The hitching happens:

Sometimes when combat in skyrim,
Whenever I change pages in my collection in hearthstone for the first time in a session.
Sometimes when I perform a X-ray in Mortal Kombat XL

What can be bottlenecking me and causing the hitching?

Thanks in advance!
 
Solution

The SpeedFan free software utility...
You didn't say how new your new components are so this may not apply but the first thing I would do is clean everything and unseat/re-seat all cables and connectors - just standard preventive maintenance.

After that I would suspect the PSU because of its age. It may be having a hard time keeping up with power requirements under load. I suspect you've upgraded a lot of parts without updating the PSU. It should have enough power and I wouldn't think that was the problem if it was newer but they do, like everything else, degrade with age.
 
Put your components into a couple of PSU wattage calculator sites. Then re-check your current PSU output. Scan some reviews of your PSU - anything to worry here?
Download and run something like MSI Afterburner (it's free). Set up logging then run a game for a few minutes (lots of tutorials on youtube). Stop the game and check out CPU, GPU and memory usage in the log. Anything that might help here?...how's the GFX card memory usage? any bottlenecks (close to 100% usage)?
 


Is there anyway to check if my PSU is underperforming (With a software or something like that?) I am pretty noob with the wattage/electricity of my PC

 


Already checked my temps, and (under heavy load) it normallly stays under the 50/60 celsium range (GPU and CPU) about the case fans, got 5 of them.
 


May you explain a little more about those PSU wattage calculator sites? looking in google and could't find any :??:



I am using CAM at the moment and normally (in games) my system runs at 50% but in cpu heavy games like GTA V my cpu goes to like 90%

Does it help if I post some benchmark using Userbenckmark?
 
"May you explain a little more about those PSU wattage calculator sites? looking in google and could't find any :??:"
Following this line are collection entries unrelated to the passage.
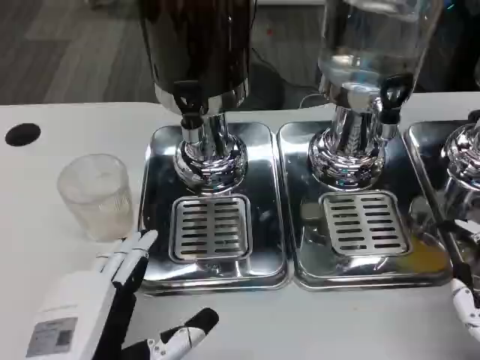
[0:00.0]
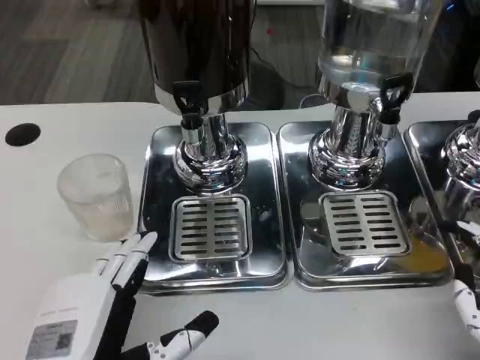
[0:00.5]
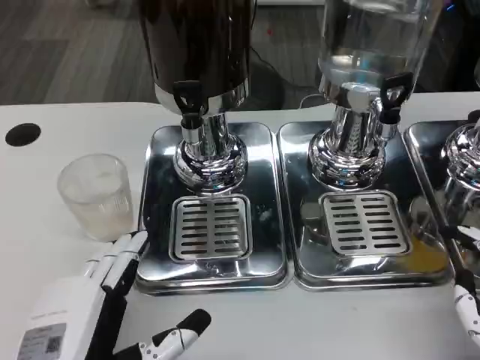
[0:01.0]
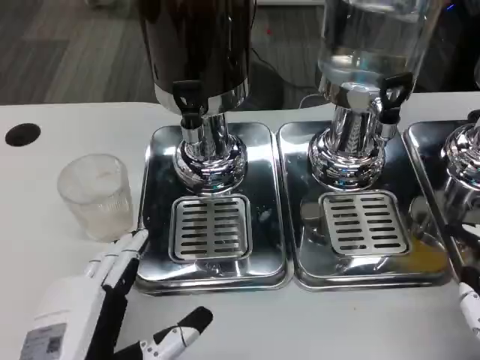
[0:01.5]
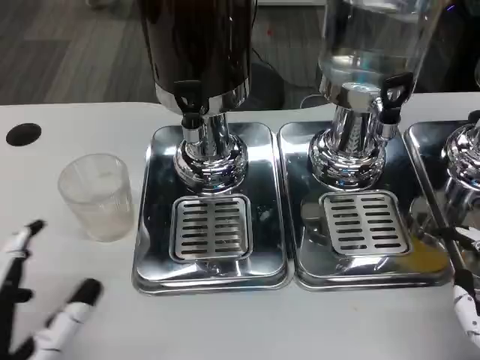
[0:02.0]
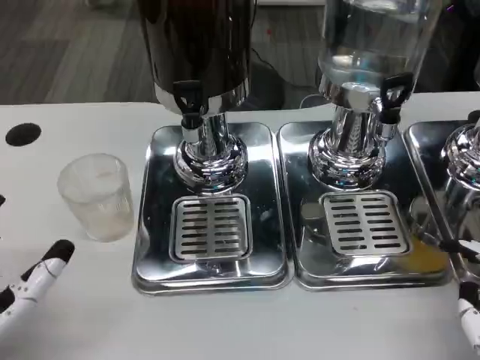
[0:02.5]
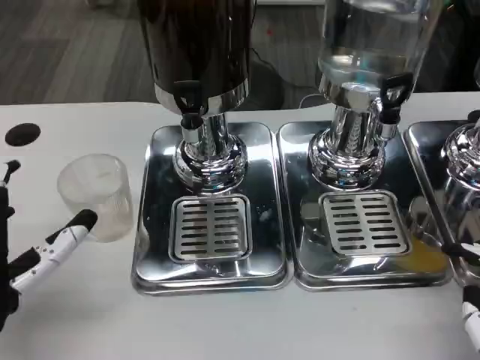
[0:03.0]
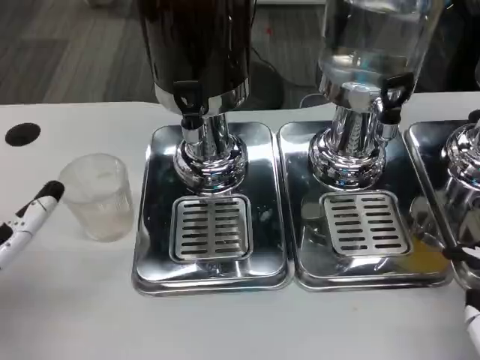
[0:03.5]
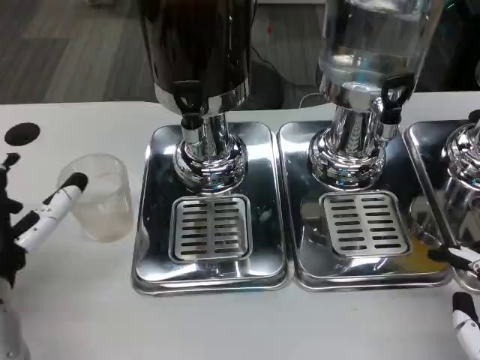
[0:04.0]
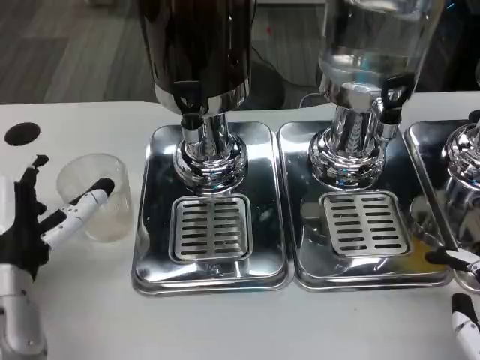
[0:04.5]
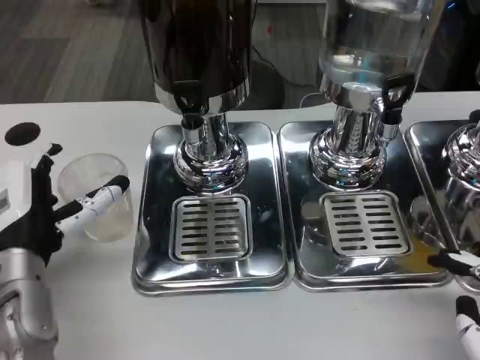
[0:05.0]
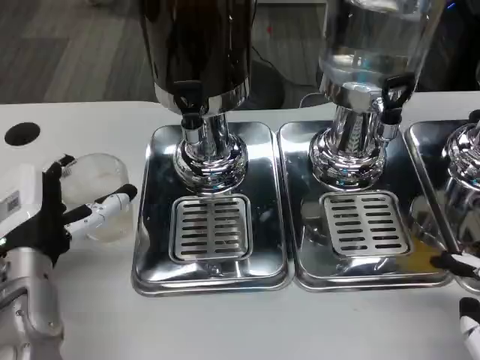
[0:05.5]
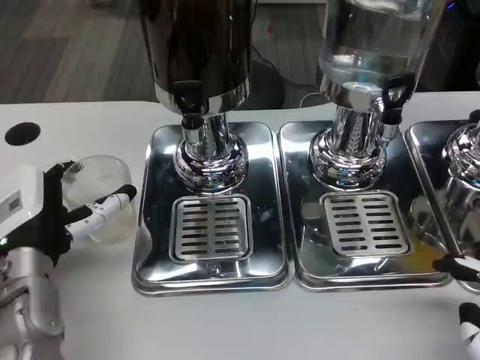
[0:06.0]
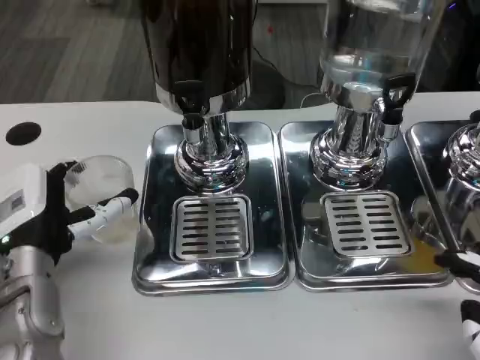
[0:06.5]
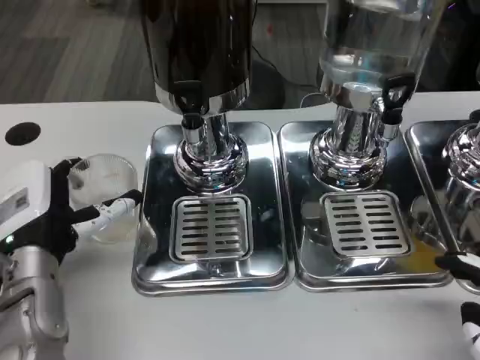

http://www.coolermaster.com/power-supply-calculator/
http://www.powersupplycalculator.net/
http://www.bequiet.com/en/psucalculator
https://www.msi.com/power-supply-calculator

--> try all 4 to give you a general idea.

"re-check your current PSU output. Scan some reviews of your PSU - anything to worry here?" --> you also need to do this.

You don't need to post benchmarks...unless you don't understand what you're seeing in the logs - lots of youtube videos explain better.

 


checked all the outputs unplugged the psu to my computer and puggled it back, the problem it's still there.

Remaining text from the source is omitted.